- Poster
- ラブ＆ピース
- Directed by: Sion Sono
- Written by: Sion Sono
- Starring: Kumiko Asō Hiroki Hasegawa
- Production companies: Asmik Ace Entertainment Gansis King Records
- Distributed by: Asmik Ace Entertainment
- Release date: June 27, 2015;
- Running time: 117 minutes
- Country: Japan
- Language: Japanese
- Box office: ¥13.4 million

= Love & Peace (film) =

2015 Japanese fantasy film

Love & Peace (ラブ＆ピース) is a 2015 Japanese tokusatsu fantasy drama film directed by Sion Sono. It was released on June 27, 2015.

==Plot==
Ryo is a failed musician who now works in an office with Yuko, the woman of his dreams. He buys a pet turtle and names it Pikadon but is ridiculed for it at his office so he flushes it down the toilet, which he immediately regrets doing.

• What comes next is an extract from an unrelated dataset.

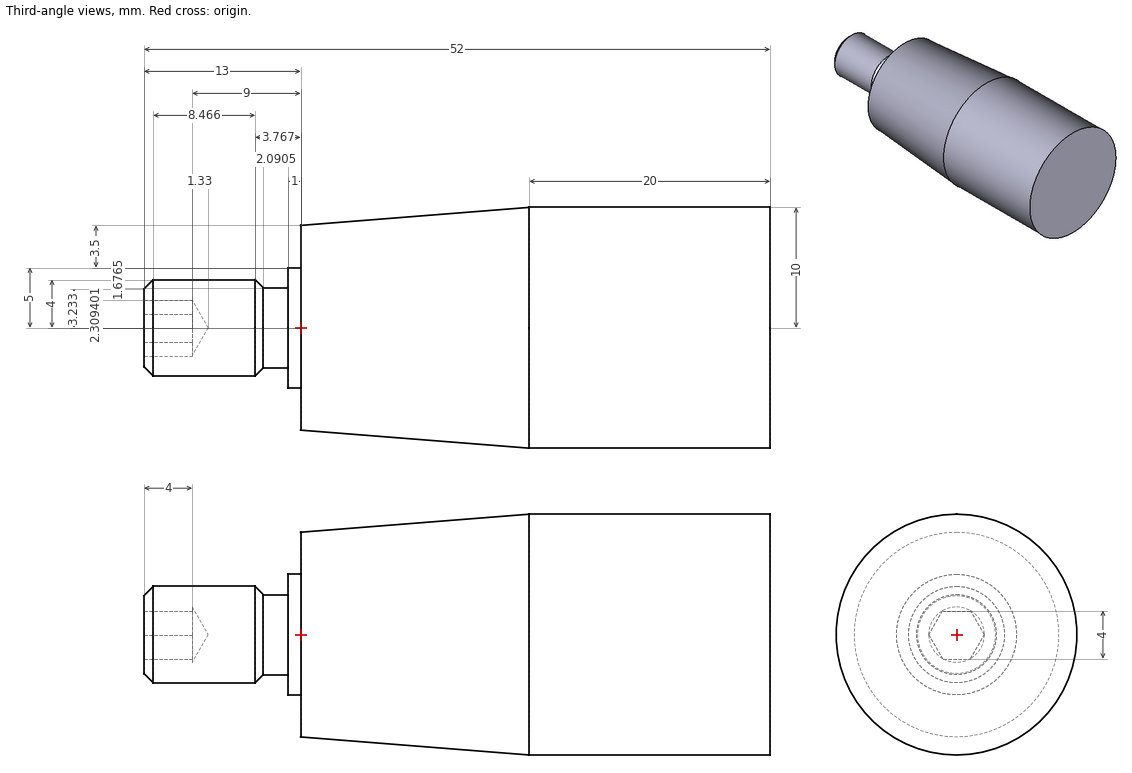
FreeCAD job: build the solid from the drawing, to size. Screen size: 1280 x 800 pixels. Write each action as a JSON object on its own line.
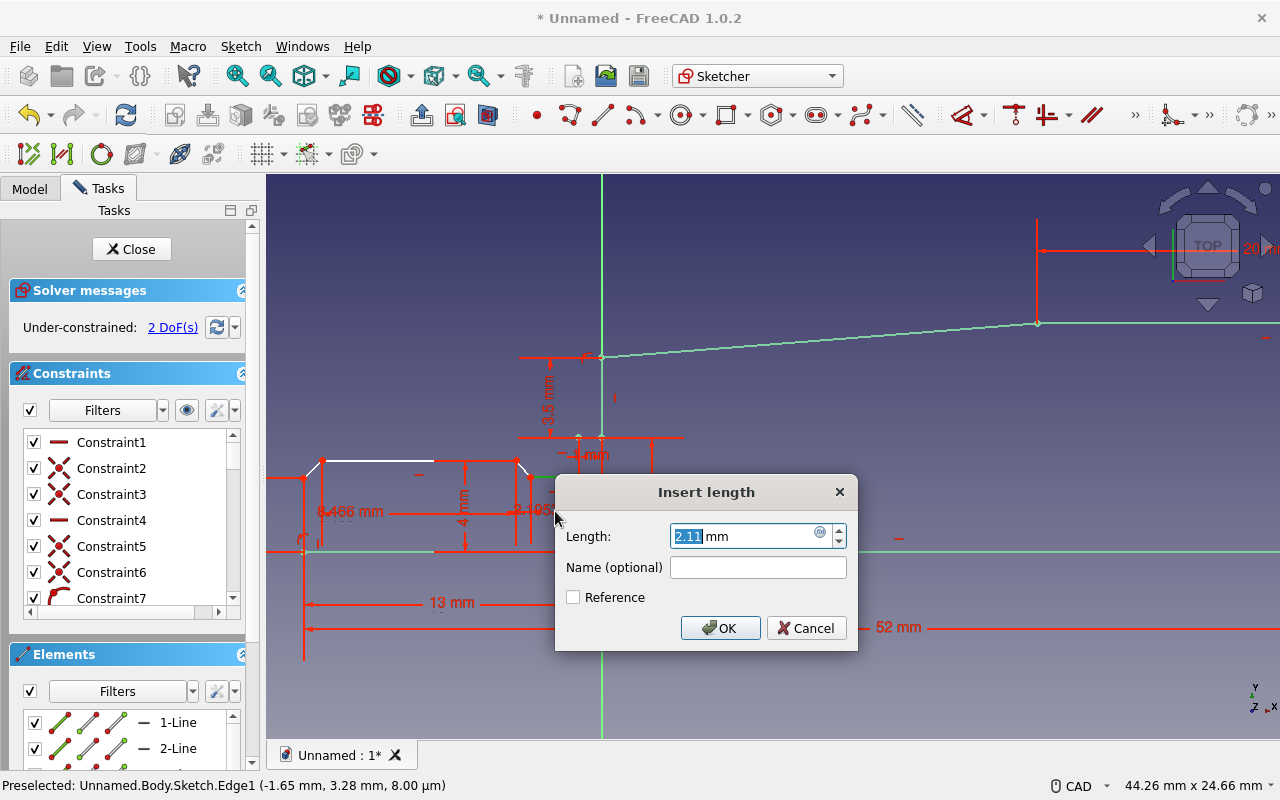
{"action": "type", "text": "2.0905"}
{"action": "key", "text": "Return"}
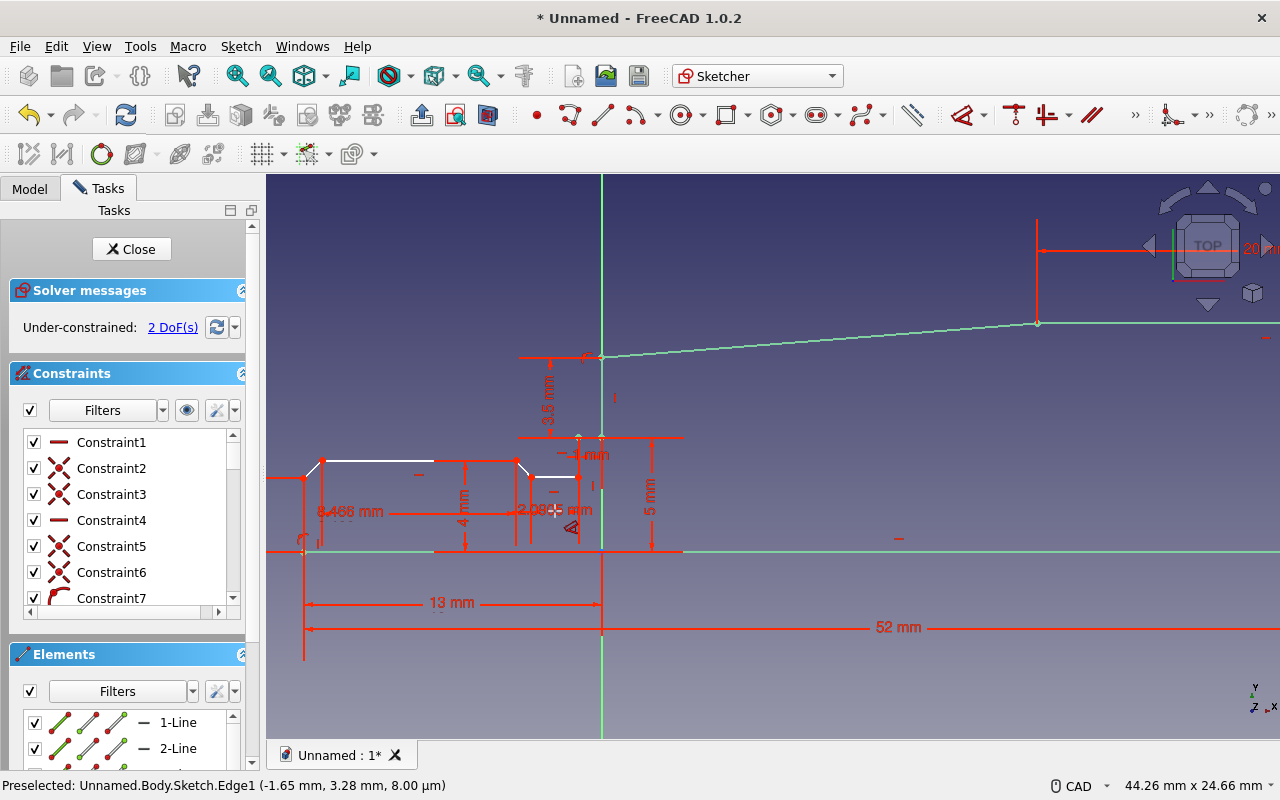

Pikadon finds a home among abandoned dolls in the sewer, where it is given a magical candy that allows it to grant Ryo's wish to become a successful musician. Ryo is inspired to write a song about missing Pikadon that becomes and unexpected hit when he performs it live with the band Revolution Q. The band's management replaces the name "Pikadon" with "Love & Peace" and plans out Ryo's career, starting with quitting his job.

Pikadon grows bigger as Ryo's wishes grow bigger, and it returns to Ryo to provide him with a new ballad. Ryo rebrands himself as a solo artist with his former bandmates as his backing band. Pikadon is captured and taken to a laboratory for experiments, but outgrows its bonds when Ryo holds a live concert at Nippon Stadium on December 25, eventually growing to the size of a kaiju and rampaging through the city until it reaches the stadium, where it confesses Ryo's love for Yuko.

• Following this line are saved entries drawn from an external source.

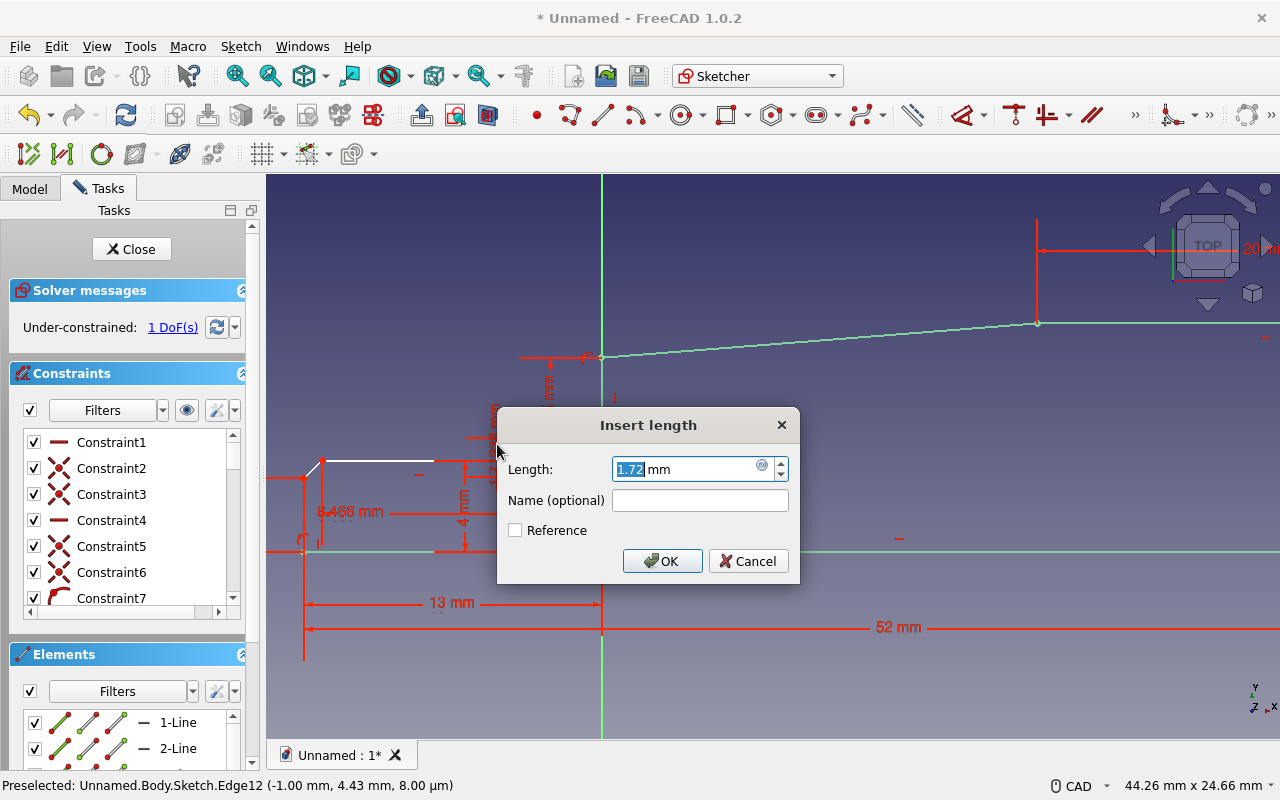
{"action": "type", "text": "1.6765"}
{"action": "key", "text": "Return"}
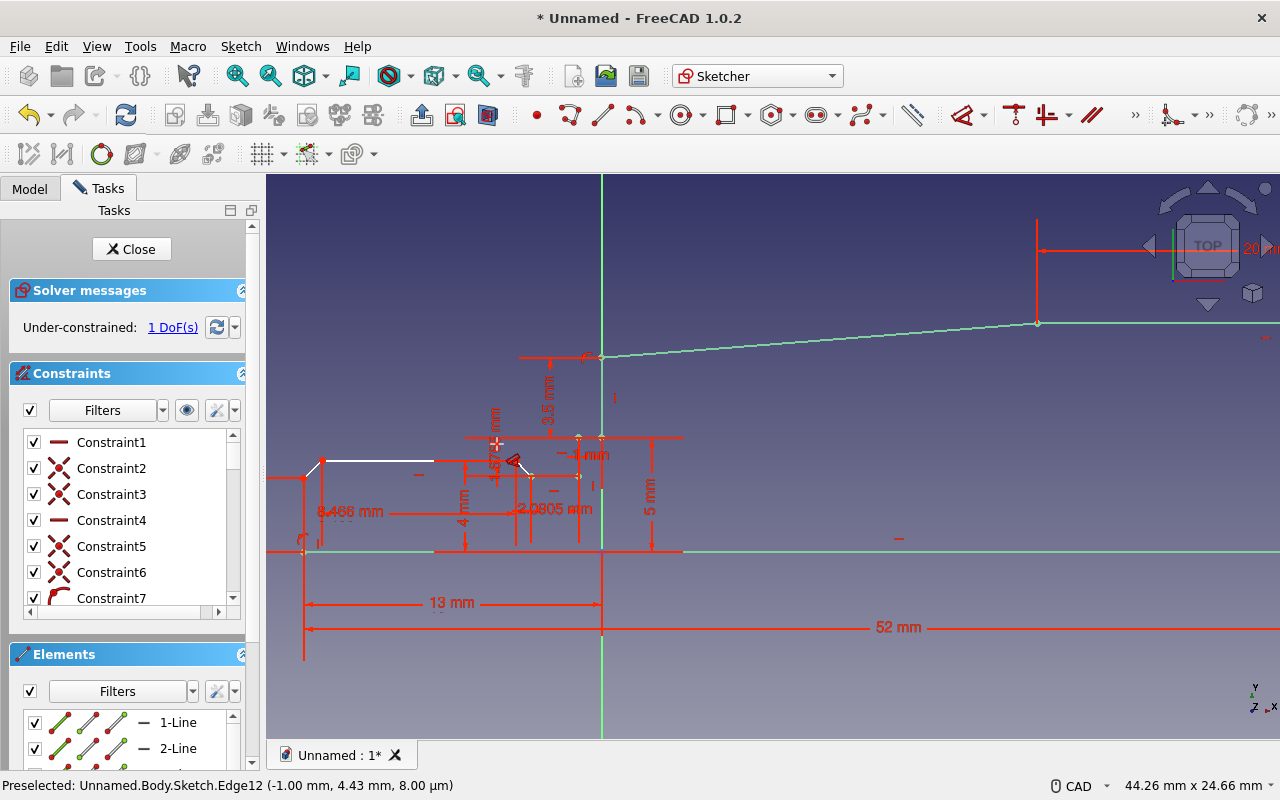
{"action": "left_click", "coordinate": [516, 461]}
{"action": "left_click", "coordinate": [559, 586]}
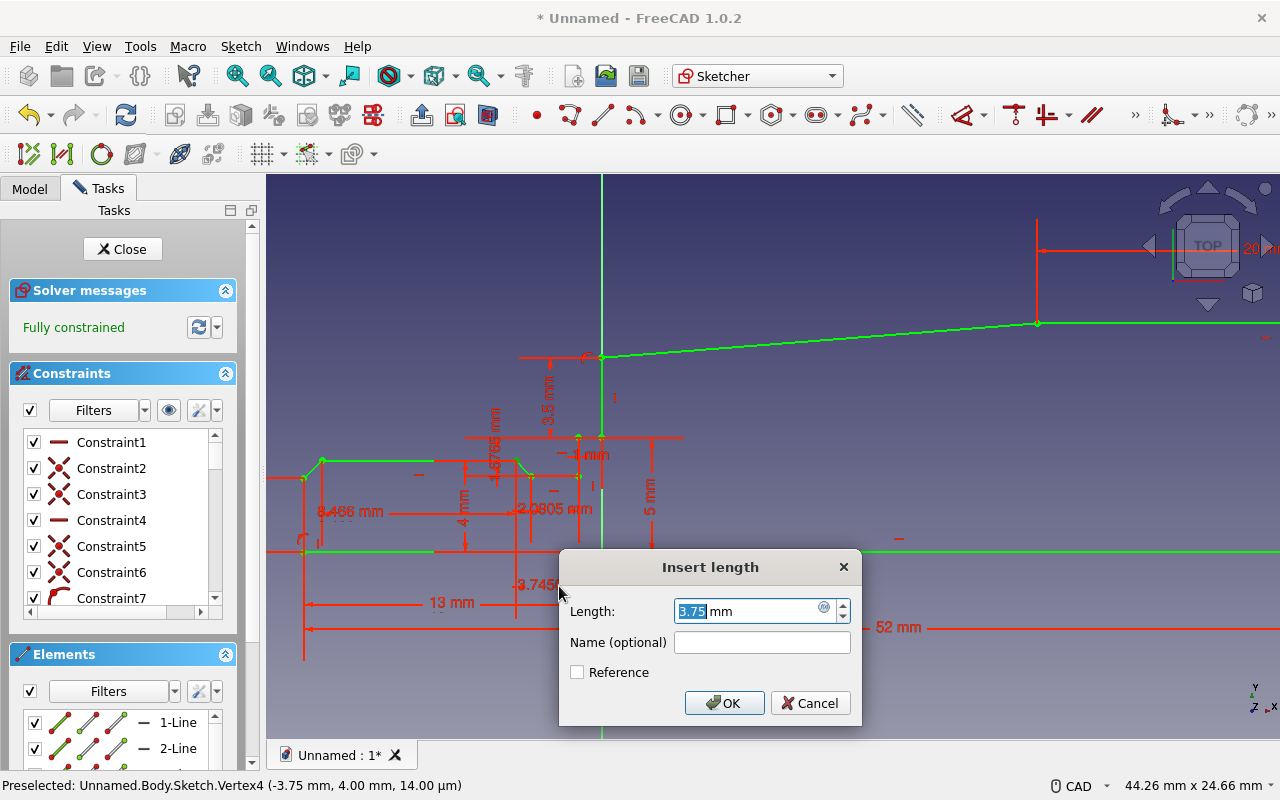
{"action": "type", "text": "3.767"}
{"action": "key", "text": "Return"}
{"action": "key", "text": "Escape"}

Ryo runs out of the stadium and returns to his small apartment, where he finds that Pikadon has returned to its normal size. Outside, Yuko hesitantly approaches his apartment.

==Cast==
- Hiroki Hasegawa
- Kumiko Asō
- Kiyohiko Shibukawa
- Eita Okuno
- Makitasupōtsu
- Motoki Fukami
- Tooru Tezuka
- Miyuki Matsuda
- Toshiyuki Nishida

==Reception==
===Commercial===
The film earned at the Japanese box office on its opening weekend.

===Reviews===
Peter Debruge of Variety wrote, "If you see just one new Sion Sono movie this year (and you potentially have as many as six to choose from, considering his current rate of output), make it “Love & Peace,” the wonderfully daffy passion project it reportedly took the appallingly prolific helmer more than two decades to make [ ... ] though “Love & Peace” is endearing in its own scrappily uneven way, he'd do well to slow things down in the future, lest he end up permanently labeled as the country's next Takashi Miike."